#### [Material provided]
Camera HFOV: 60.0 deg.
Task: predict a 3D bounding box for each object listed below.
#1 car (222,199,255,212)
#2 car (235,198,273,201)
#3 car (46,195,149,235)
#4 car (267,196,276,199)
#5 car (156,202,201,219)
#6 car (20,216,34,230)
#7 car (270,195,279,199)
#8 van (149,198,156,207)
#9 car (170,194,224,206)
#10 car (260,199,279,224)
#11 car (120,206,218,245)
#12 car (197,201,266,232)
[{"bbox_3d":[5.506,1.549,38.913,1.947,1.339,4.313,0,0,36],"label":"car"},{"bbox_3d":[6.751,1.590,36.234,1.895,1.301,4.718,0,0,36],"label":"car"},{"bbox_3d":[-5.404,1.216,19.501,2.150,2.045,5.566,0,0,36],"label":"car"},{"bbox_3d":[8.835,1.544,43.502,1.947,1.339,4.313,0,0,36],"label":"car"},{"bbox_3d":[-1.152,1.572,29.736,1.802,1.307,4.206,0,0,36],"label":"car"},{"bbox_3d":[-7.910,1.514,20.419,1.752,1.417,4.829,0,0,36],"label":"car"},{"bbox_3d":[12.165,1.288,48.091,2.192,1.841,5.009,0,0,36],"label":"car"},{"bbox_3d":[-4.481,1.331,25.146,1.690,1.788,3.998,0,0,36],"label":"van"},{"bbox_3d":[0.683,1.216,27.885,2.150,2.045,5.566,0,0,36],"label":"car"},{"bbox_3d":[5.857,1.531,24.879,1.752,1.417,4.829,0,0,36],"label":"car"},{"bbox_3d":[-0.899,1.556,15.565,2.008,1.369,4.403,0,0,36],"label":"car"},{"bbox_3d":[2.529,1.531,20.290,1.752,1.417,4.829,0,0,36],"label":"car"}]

#### [Exercise description]
The range runs from the line above containing "#8 van (149,198,156,207)" to the line containing "#11 car (120,206,218,245)", inclusive. Restate those lines word for word and no others.

#### [Exercise result]
#8 van (149,198,156,207)
#9 car (170,194,224,206)
#10 car (260,199,279,224)
#11 car (120,206,218,245)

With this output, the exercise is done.